If Trino is the federated query engine that wants to read everything, Dremio is the focused lakehouse engine that wants to replace your warehouse. It is one of the most direct open-architecture challengers to Snowflake in the market.

Origin Story

Dremio was founded in 2015 by Tomer Shiran and Jacques Nadeau, both of whom came from MapR and were the original creators of Apache Drill — another SQL-on-Hadoop engine. Drill was technically interesting but never won decisive commercial traction, and Dremio is best understood as Shiran and Nadeau's second swing at the same problem with the lessons learned. They also co-created Apache Arrow — the in-memory columnar format that has since become the lingua franca for moving columnar data between systems — which gives you a sense of the technical pedigree.

The original Dremio pitch in 2017 was "self-service analytics on the data lake without ETL." A business analyst could point a BI tool at Dremio, browse virtual datasets, build queries against raw lake files, and Dremio's optimizer would figure out the rest. That pitch was early, and the market wasn't quite ready — most enterprises were still busy moving everything into Snowflake.

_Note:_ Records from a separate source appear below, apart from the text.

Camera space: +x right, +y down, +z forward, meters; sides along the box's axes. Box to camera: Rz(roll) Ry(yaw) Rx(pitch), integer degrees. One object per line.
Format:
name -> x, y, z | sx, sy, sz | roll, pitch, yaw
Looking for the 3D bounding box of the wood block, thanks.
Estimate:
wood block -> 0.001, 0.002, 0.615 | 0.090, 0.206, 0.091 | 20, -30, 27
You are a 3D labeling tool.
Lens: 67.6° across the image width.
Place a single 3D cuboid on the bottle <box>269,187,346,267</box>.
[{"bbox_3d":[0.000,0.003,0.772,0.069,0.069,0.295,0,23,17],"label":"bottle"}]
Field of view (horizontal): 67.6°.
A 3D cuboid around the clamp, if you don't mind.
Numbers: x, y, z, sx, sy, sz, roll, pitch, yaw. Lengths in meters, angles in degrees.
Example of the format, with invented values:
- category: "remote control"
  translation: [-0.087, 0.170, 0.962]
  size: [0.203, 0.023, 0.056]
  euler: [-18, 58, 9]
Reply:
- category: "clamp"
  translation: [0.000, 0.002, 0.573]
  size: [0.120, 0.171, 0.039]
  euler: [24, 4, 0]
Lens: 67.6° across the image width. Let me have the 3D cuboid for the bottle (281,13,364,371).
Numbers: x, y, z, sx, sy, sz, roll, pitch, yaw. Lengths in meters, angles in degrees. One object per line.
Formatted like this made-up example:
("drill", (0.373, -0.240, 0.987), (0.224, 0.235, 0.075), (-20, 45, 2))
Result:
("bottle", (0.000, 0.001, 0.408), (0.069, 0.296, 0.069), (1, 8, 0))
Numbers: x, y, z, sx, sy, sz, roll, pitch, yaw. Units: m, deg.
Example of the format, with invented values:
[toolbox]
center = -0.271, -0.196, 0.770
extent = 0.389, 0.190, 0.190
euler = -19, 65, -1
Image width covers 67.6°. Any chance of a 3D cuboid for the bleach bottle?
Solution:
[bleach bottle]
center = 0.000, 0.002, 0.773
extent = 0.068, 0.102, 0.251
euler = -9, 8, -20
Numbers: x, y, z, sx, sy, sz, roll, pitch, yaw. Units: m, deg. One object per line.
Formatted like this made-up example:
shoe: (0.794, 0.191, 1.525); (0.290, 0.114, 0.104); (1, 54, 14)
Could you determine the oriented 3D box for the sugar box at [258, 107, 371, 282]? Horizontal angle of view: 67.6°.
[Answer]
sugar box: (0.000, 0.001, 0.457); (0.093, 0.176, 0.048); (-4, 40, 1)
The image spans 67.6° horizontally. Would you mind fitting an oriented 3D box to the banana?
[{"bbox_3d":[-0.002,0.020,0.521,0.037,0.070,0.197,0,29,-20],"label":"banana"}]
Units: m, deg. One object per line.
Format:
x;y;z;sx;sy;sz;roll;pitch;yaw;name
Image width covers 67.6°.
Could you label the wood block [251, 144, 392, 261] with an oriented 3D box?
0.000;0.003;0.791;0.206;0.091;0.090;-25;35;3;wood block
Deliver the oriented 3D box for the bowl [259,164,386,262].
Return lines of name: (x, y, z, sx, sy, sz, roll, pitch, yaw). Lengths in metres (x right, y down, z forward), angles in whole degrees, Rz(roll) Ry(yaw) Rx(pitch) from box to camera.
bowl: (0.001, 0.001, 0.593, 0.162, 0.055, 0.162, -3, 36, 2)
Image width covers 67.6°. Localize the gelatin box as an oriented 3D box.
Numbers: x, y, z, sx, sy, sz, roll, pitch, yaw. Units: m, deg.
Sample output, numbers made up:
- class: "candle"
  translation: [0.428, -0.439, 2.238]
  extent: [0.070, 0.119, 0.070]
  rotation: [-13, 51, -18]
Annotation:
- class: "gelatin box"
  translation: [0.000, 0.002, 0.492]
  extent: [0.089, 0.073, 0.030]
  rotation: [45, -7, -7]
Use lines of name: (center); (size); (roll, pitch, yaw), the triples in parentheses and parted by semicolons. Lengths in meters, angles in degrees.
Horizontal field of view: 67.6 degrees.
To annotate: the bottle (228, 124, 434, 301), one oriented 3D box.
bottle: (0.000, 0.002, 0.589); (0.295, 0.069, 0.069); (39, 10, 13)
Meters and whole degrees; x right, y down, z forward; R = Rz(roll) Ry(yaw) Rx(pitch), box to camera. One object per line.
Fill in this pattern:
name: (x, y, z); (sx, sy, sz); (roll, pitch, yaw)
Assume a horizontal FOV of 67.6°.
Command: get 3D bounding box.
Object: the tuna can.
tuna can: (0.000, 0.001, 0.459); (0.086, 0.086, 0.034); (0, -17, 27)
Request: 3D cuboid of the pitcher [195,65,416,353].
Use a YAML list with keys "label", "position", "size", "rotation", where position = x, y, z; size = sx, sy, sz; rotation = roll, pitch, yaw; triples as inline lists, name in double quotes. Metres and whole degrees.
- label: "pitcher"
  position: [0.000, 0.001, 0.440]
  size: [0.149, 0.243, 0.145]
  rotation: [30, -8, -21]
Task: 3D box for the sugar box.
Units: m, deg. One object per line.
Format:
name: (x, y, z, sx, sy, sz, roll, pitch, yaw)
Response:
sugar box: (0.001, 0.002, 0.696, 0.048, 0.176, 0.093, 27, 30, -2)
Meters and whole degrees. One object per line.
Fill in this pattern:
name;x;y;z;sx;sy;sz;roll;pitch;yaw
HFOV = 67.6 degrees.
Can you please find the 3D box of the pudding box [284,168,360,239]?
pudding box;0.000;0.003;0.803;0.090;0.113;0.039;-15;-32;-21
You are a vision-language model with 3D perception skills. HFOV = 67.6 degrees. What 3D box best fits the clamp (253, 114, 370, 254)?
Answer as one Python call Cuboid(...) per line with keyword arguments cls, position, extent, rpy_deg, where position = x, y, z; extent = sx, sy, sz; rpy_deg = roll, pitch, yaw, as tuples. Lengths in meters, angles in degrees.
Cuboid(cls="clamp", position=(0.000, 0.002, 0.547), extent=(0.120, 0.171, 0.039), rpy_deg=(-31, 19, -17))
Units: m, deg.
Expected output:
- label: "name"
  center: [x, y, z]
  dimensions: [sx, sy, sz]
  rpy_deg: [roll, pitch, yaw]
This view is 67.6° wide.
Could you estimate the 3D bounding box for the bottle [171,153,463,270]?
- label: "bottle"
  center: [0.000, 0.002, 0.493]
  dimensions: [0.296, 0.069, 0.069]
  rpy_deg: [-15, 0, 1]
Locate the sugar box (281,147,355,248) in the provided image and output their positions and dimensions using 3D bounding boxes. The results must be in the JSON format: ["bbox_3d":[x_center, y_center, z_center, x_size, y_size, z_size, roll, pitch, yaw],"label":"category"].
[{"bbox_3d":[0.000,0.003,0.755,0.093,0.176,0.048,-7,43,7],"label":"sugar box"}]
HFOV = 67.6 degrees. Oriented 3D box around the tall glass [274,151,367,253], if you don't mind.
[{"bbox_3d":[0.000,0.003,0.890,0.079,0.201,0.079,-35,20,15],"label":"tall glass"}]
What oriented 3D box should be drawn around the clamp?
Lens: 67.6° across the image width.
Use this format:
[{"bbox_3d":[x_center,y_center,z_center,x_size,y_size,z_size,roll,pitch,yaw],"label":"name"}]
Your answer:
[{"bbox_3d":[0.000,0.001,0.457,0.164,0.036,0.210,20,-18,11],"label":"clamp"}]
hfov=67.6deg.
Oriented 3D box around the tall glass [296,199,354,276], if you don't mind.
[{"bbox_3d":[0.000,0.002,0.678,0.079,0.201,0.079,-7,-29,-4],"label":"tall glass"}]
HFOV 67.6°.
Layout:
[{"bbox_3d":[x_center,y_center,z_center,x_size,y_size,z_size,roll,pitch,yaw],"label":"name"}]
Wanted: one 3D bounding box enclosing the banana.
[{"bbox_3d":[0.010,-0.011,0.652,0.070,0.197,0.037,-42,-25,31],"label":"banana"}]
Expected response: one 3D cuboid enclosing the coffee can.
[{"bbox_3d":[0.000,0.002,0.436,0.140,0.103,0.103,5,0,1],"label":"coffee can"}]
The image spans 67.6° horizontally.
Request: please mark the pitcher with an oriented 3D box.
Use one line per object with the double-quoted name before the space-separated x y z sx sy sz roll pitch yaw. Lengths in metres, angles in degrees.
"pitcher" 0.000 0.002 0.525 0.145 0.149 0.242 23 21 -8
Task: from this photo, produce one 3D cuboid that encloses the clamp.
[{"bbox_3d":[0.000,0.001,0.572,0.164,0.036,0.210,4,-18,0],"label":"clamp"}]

Dremio's second life started around 2021 when it pivoted hard onto Apache Iceberg. The company became one of the loudest voices in the Iceberg ecosystem, contributed significantly to the project, built a managed Iceberg catalog (Nessie) with Git-like branching, and rebranded as the "Open Data Lakehouse." This bet has aged well. As Iceberg became the dominant open table format, Dremio became one of the natural commercial homes for Iceberg-first analytics.

What's Distinctive About Dremio

Reflections. This is the technical idea Dremio is best known for. A Reflection is a materialized view — a precomputed slice or aggregation of your data, persisted as a Parquet/Iceberg dataset. When you query a base table, Dremio's optimizer transparently rewrites the query to read from a matching Reflection if one exists. The user doesn't know or care; their query just runs faster. This is essentially what BI extracts (Tableau extracts, Power BI imports) do, but managed and queried at the engine level. Reflections are Dremio's answer to "but lake queries are slow." You don't make the lake faster — you precompute the slow parts.

Apache Arrow native. Dremio's execution engine works in Arrow buffers end-to-end. This means data doesn't get copied or reformatted as it moves through the query pipeline, which is genuinely faster than engines that round-trip through other formats. Arrow Flight, the high-speed wire protocol Dremio uses, also lets clients pull query results in parallel without the overhead of a row-by-row JDBC/ODBC driver.

Iceberg-native everything. Dremio reads and writes Iceberg tables natively, including merge, update, delete, and time-travel queries. It bundles a Nessie-based catalog that gives Iceberg tables Git-like branching and tagging — so you can create a branch of your data, run an experiment, and merge it back. This is one of the features Iceberg backers point to as a reason the open lakehouse is more interesting than the closed warehouse.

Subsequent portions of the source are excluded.